Given that in my "A" post I said I would regularly sprinkle my contributions with a New Zealand-related post or two, this week I am including a post on Wellington-based novelist and TV screenwriter Neil Cross, who has previously been long-listed for the Man Booker Prize, and whose latest novel, CAPTURED was recently released in the United Kingdom (and will come out downunder on 1 May). Born in Bristol (United Kingdom), Cross has lived in Wellington, New Zealand for the past several years. He has been the lead writer on the hit BBC TV series Spooks, and written his latest books, while living in New Zealand.
NB - this Crime Fiction Alphabet post is a much-updated version of a profile post I did on Neil Cross last year
NEIL CROSS
Cross split his childhood between his birthplace of Bristol, and Edinburgh slums where he was raised by a caring South African stepfather he now calls “the angel on one shoulder and the devil on the other”. Derek Cross introduced Neil to his lifelong loves of reading and writing, but also cast both light and shadow on his childhood, and still evokes conflicted appreciation in the now middle-aged author.
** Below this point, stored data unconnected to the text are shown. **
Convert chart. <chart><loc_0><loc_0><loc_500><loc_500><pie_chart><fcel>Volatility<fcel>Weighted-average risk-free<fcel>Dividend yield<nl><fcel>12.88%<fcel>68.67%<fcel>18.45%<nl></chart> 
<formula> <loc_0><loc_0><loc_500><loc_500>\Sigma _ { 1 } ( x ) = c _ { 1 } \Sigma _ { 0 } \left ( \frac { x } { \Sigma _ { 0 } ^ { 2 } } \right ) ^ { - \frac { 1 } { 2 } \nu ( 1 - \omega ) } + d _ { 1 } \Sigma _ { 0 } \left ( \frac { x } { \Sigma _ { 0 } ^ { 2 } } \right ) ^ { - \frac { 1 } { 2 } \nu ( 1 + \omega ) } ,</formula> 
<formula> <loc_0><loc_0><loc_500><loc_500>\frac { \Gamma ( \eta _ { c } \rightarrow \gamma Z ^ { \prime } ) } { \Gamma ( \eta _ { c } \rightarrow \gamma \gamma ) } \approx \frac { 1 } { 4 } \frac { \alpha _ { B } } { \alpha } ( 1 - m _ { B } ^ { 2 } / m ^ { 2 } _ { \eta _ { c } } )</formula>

In an interview with Cross early last year for a feature article in Good Reading magazine to time with the release of his novel BURIAL, he told me: “In many ways I couldn’t ask for a better parent, which is kind of why I took his name. He is the single most formative influence on my life. But he was also a white supremacist, a thief, an adulterer, possibly a bigamist, and essentially a religious crank.”
The duality of his father helped Cross get an early understanding of the complexities of human nature, which later strongly came through in the protagonists and other characters of his novels. Throughout his eight books, including the Booker long-listed ALWAYS THE SUN, and his latest releases BURIAL (2009) and CAPTURED (2010), bleak yet menacing settings are populated with characters neither starkly good nor evil, but smudged shades of grey.
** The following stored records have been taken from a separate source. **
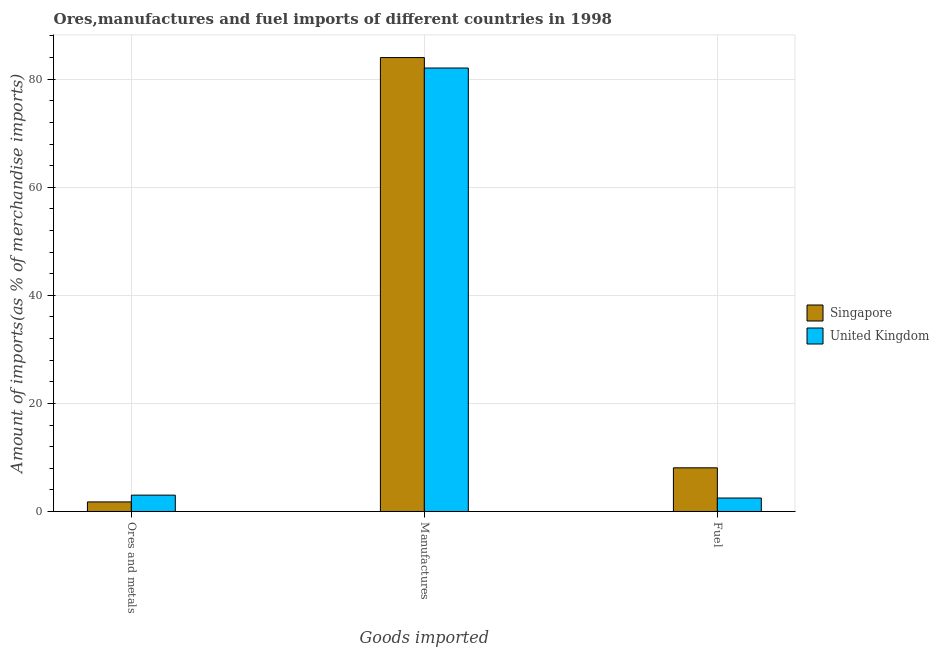How many different coloured bars are there?
Provide a short and direct response. 2. How many groups of bars are there?
Offer a terse response. 3. Are the number of bars per tick equal to the number of legend labels?
Your response must be concise. Yes. How many bars are there on the 2nd tick from the left?
Provide a short and direct response. 2. What is the label of the 1st group of bars from the left?
Ensure brevity in your answer.  Ores and metals. What is the percentage of manufactures imports in United Kingdom?
Your answer should be very brief. 82.07. Across all countries, what is the maximum percentage of ores and metals imports?
Provide a short and direct response. 3.03. Across all countries, what is the minimum percentage of ores and metals imports?
Ensure brevity in your answer.  1.77. In which country was the percentage of ores and metals imports maximum?
Offer a terse response. United Kingdom. What is the total percentage of manufactures imports in the graph?
Your answer should be very brief. 166.07. What is the difference between the percentage of manufactures imports in United Kingdom and that in Singapore?
Offer a terse response. -1.93. What is the difference between the percentage of manufactures imports in United Kingdom and the percentage of ores and metals imports in Singapore?
Provide a succinct answer. 80.3. What is the average percentage of ores and metals imports per country?
Your answer should be compact. 2.4. What is the difference between the percentage of manufactures imports and percentage of ores and metals imports in Singapore?
Keep it short and to the point. 82.23. In how many countries, is the percentage of manufactures imports greater than 28 %?
Offer a terse response. 2. What is the ratio of the percentage of fuel imports in United Kingdom to that in Singapore?
Keep it short and to the point. 0.31. Is the percentage of fuel imports in United Kingdom less than that in Singapore?
Provide a succinct answer. Yes. Is the difference between the percentage of fuel imports in United Kingdom and Singapore greater than the difference between the percentage of ores and metals imports in United Kingdom and Singapore?
Give a very brief answer. No. What is the difference between the highest and the second highest percentage of manufactures imports?
Give a very brief answer. 1.93. What is the difference between the highest and the lowest percentage of manufactures imports?
Your answer should be compact. 1.93. Is the sum of the percentage of manufactures imports in Singapore and United Kingdom greater than the maximum percentage of ores and metals imports across all countries?
Offer a terse response. Yes. What does the 1st bar from the right in Fuel represents?
Provide a short and direct response. United Kingdom. Is it the case that in every country, the sum of the percentage of ores and metals imports and percentage of manufactures imports is greater than the percentage of fuel imports?
Your answer should be very brief. Yes. How many bars are there?
Your answer should be very brief. 6. Are all the bars in the graph horizontal?
Keep it short and to the point. No. What is the difference between two consecutive major ticks on the Y-axis?
Keep it short and to the point. 20. Are the values on the major ticks of Y-axis written in scientific E-notation?
Your answer should be very brief. No. Does the graph contain grids?
Offer a terse response. Yes. How many legend labels are there?
Your answer should be very brief. 2. How are the legend labels stacked?
Provide a succinct answer. Vertical. What is the title of the graph?
Ensure brevity in your answer.  Ores,manufactures and fuel imports of different countries in 1998. Does "Cambodia" appear as one of the legend labels in the graph?
Make the answer very short. No. What is the label or title of the X-axis?
Offer a very short reply. Goods imported. What is the label or title of the Y-axis?
Give a very brief answer. Amount of imports(as % of merchandise imports). What is the Amount of imports(as % of merchandise imports) of Singapore in Ores and metals?
Your answer should be compact. 1.77. What is the Amount of imports(as % of merchandise imports) in United Kingdom in Ores and metals?
Make the answer very short. 3.03. What is the Amount of imports(as % of merchandise imports) in Singapore in Manufactures?
Your answer should be compact. 84. What is the Amount of imports(as % of merchandise imports) in United Kingdom in Manufactures?
Ensure brevity in your answer.  82.07. What is the Amount of imports(as % of merchandise imports) in Singapore in Fuel?
Make the answer very short. 8.08. What is the Amount of imports(as % of merchandise imports) of United Kingdom in Fuel?
Your answer should be very brief. 2.49. Across all Goods imported, what is the maximum Amount of imports(as % of merchandise imports) of Singapore?
Make the answer very short. 84. Across all Goods imported, what is the maximum Amount of imports(as % of merchandise imports) of United Kingdom?
Your answer should be compact. 82.07. Across all Goods imported, what is the minimum Amount of imports(as % of merchandise imports) in Singapore?
Your answer should be very brief. 1.77. Across all Goods imported, what is the minimum Amount of imports(as % of merchandise imports) of United Kingdom?
Keep it short and to the point. 2.49. What is the total Amount of imports(as % of merchandise imports) in Singapore in the graph?
Make the answer very short. 93.85. What is the total Amount of imports(as % of merchandise imports) in United Kingdom in the graph?
Give a very brief answer. 87.59. What is the difference between the Amount of imports(as % of merchandise imports) of Singapore in Ores and metals and that in Manufactures?
Give a very brief answer. -82.23. What is the difference between the Amount of imports(as % of merchandise imports) in United Kingdom in Ores and metals and that in Manufactures?
Offer a terse response. -79.04. What is the difference between the Amount of imports(as % of merchandise imports) of Singapore in Ores and metals and that in Fuel?
Keep it short and to the point. -6.31. What is the difference between the Amount of imports(as % of merchandise imports) of United Kingdom in Ores and metals and that in Fuel?
Your response must be concise. 0.53. What is the difference between the Amount of imports(as % of merchandise imports) of Singapore in Manufactures and that in Fuel?
Your response must be concise. 75.92. What is the difference between the Amount of imports(as % of merchandise imports) in United Kingdom in Manufactures and that in Fuel?
Provide a succinct answer. 79.57. What is the difference between the Amount of imports(as % of merchandise imports) in Singapore in Ores and metals and the Amount of imports(as % of merchandise imports) in United Kingdom in Manufactures?
Provide a succinct answer. -80.3. What is the difference between the Amount of imports(as % of merchandise imports) in Singapore in Ores and metals and the Amount of imports(as % of merchandise imports) in United Kingdom in Fuel?
Your answer should be very brief. -0.72. What is the difference between the Amount of imports(as % of merchandise imports) in Singapore in Manufactures and the Amount of imports(as % of merchandise imports) in United Kingdom in Fuel?
Give a very brief answer. 81.51. What is the average Amount of imports(as % of merchandise imports) of Singapore per Goods imported?
Provide a short and direct response. 31.28. What is the average Amount of imports(as % of merchandise imports) of United Kingdom per Goods imported?
Offer a terse response. 29.2. What is the difference between the Amount of imports(as % of merchandise imports) in Singapore and Amount of imports(as % of merchandise imports) in United Kingdom in Ores and metals?
Keep it short and to the point. -1.25. What is the difference between the Amount of imports(as % of merchandise imports) in Singapore and Amount of imports(as % of merchandise imports) in United Kingdom in Manufactures?
Your answer should be compact. 1.93. What is the difference between the Amount of imports(as % of merchandise imports) of Singapore and Amount of imports(as % of merchandise imports) of United Kingdom in Fuel?
Provide a succinct answer. 5.59. What is the ratio of the Amount of imports(as % of merchandise imports) in Singapore in Ores and metals to that in Manufactures?
Provide a short and direct response. 0.02. What is the ratio of the Amount of imports(as % of merchandise imports) in United Kingdom in Ores and metals to that in Manufactures?
Provide a succinct answer. 0.04. What is the ratio of the Amount of imports(as % of merchandise imports) of Singapore in Ores and metals to that in Fuel?
Offer a terse response. 0.22. What is the ratio of the Amount of imports(as % of merchandise imports) in United Kingdom in Ores and metals to that in Fuel?
Offer a very short reply. 1.21. What is the ratio of the Amount of imports(as % of merchandise imports) of Singapore in Manufactures to that in Fuel?
Give a very brief answer. 10.4. What is the ratio of the Amount of imports(as % of merchandise imports) of United Kingdom in Manufactures to that in Fuel?
Keep it short and to the point. 32.93. What is the difference between the highest and the second highest Amount of imports(as % of merchandise imports) of Singapore?
Make the answer very short. 75.92. What is the difference between the highest and the second highest Amount of imports(as % of merchandise imports) in United Kingdom?
Your answer should be very brief. 79.04. What is the difference between the highest and the lowest Amount of imports(as % of merchandise imports) of Singapore?
Ensure brevity in your answer.  82.23. What is the difference between the highest and the lowest Amount of imports(as % of merchandise imports) of United Kingdom?
Keep it short and to the point. 79.57.

Cross says he always wanted to be a writer. For most of his life he spent much of his spare time writing – from his days being bullied and bloodied in the Scottish schoolyard, through delinquent teenage years back in Bristol, then a half-decade and more happily languishing on unemployment, to completing Bachelors and Masters degrees at Leeds University, and then working at a publishing company.
In an interview with BBC Writers Room, Cross says, “I've just always been a writer; I was born that way. I started when I was seven or eight years old by drawing comic books. I moved on to scripting the comics before I drew them, and then I just left the pictures to the imagination. That's pretty much what I've been doing ever since.”
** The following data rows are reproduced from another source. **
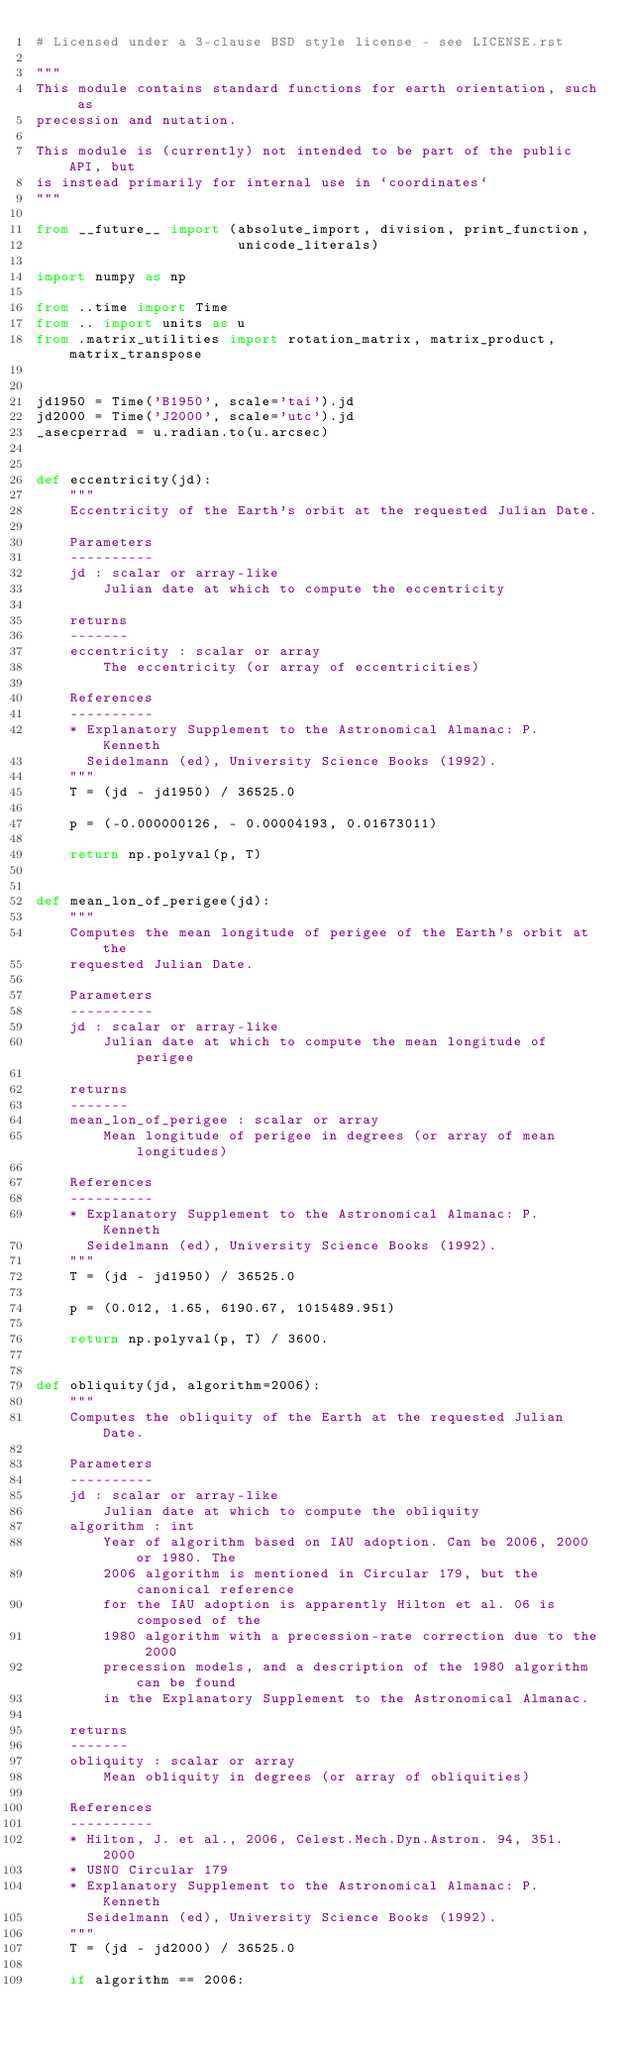<code> <loc_0><loc_0><loc_500><loc_500><_Python_># Licensed under a 3-clause BSD style license - see LICENSE.rst

"""
This module contains standard functions for earth orientation, such as
precession and nutation.

This module is (currently) not intended to be part of the public API, but
is instead primarily for internal use in `coordinates`
"""

from __future__ import (absolute_import, division, print_function,
                        unicode_literals)

import numpy as np

from ..time import Time
from .. import units as u
from .matrix_utilities import rotation_matrix, matrix_product, matrix_transpose


jd1950 = Time('B1950', scale='tai').jd
jd2000 = Time('J2000', scale='utc').jd
_asecperrad = u.radian.to(u.arcsec)


def eccentricity(jd):
    """
    Eccentricity of the Earth's orbit at the requested Julian Date.

    Parameters
    ----------
    jd : scalar or array-like
        Julian date at which to compute the eccentricity

    returns
    -------
    eccentricity : scalar or array
        The eccentricity (or array of eccentricities)

    References
    ----------
    * Explanatory Supplement to the Astronomical Almanac: P. Kenneth
      Seidelmann (ed), University Science Books (1992).
    """
    T = (jd - jd1950) / 36525.0

    p = (-0.000000126, - 0.00004193, 0.01673011)

    return np.polyval(p, T)


def mean_lon_of_perigee(jd):
    """
    Computes the mean longitude of perigee of the Earth's orbit at the
    requested Julian Date.

    Parameters
    ----------
    jd : scalar or array-like
        Julian date at which to compute the mean longitude of perigee

    returns
    -------
    mean_lon_of_perigee : scalar or array
        Mean longitude of perigee in degrees (or array of mean longitudes)

    References
    ----------
    * Explanatory Supplement to the Astronomical Almanac: P. Kenneth
      Seidelmann (ed), University Science Books (1992).
    """
    T = (jd - jd1950) / 36525.0

    p = (0.012, 1.65, 6190.67, 1015489.951)

    return np.polyval(p, T) / 3600.


def obliquity(jd, algorithm=2006):
    """
    Computes the obliquity of the Earth at the requested Julian Date.

    Parameters
    ----------
    jd : scalar or array-like
        Julian date at which to compute the obliquity
    algorithm : int
        Year of algorithm based on IAU adoption. Can be 2006, 2000 or 1980. The
        2006 algorithm is mentioned in Circular 179, but the canonical reference
        for the IAU adoption is apparently Hilton et al. 06 is composed of the
        1980 algorithm with a precession-rate correction due to the 2000
        precession models, and a description of the 1980 algorithm can be found
        in the Explanatory Supplement to the Astronomical Almanac.

    returns
    -------
    obliquity : scalar or array
        Mean obliquity in degrees (or array of obliquities)

    References
    ----------
    * Hilton, J. et al., 2006, Celest.Mech.Dyn.Astron. 94, 351. 2000
    * USNO Circular 179
    * Explanatory Supplement to the Astronomical Almanac: P. Kenneth
      Seidelmann (ed), University Science Books (1992).
    """
    T = (jd - jd2000) / 36525.0

    if algorithm == 2006:</code>

Cross wrote his first published novel while he was working for several years in the sales and marketing department of a large London publishing house. As he says in an article he wrote for The Listener (one of New Zealand’s premier magazines) in 2004, after completing his university degrees he, “moved to London, and onto a career in publishing. It was a good job, and for a while I loved it. I loved my colleagues. I loved the books, the arcana, the lore. I loved helping to nurture a fragile manuscript, sometimes to robust publication and sometimes to a slow, choking death. It’s a conservative industry in a quickening world, staffed largely by people who got there by accident. It was a laugh. And all the time, after travelling in the cramped Tubes and the late-night cabs, I was writing.”
In 1998, he broke through with MR IN-BETWEEN, a disturbing tale of a violent hired gun whose life is turned upside down by a chance encounter with old friends. He followed this up the next year with CHRISTENDOM, before there was a bit of a break until 2003's HOLLOWAY FALLS.
As Cross explained in his The Listener article, “Mr In-Between was a moderate success. It was followed by Christendom, which was not. I was surprised by how similar the two conditions felt. I started another novel, wrote a couple of chapters. Put it away. Stopped writing.”
He rediscovered his writing muse after meeting, dating and marrying his colleague Nadya, and the couple having their first child – leading to strong feelings of having something to lose in life (his wife and son). He began to write again. In 2002 the Cross family moved to New Zealand.
Cross’s novels consistently have bleak yet menacing settings, flawed characters forced into emotional and psychological maelstroms, and occasional literary flourishes. He was long-listed for the 2004 Booker Prize for ALWAYS THE SUN, a frightening tale of the steps a gentle man takes after learning his child is being bullied, inspired by Cross’s own “Travis Bickle sort of “ paranoia for his newborn son.
However, despite the literary acclaim, Cross said in our interview that he has always considered himself “a crime and suspense writer”, rather than embracing the literary label. He’s no longer interested in attempting to foist ‘meaning’ onto his work, instead preferring to “tell an interesting and engrossing story”. Online subscribers can read more from my interview with Neil Cross in the May issue of Good Reading magazine, here.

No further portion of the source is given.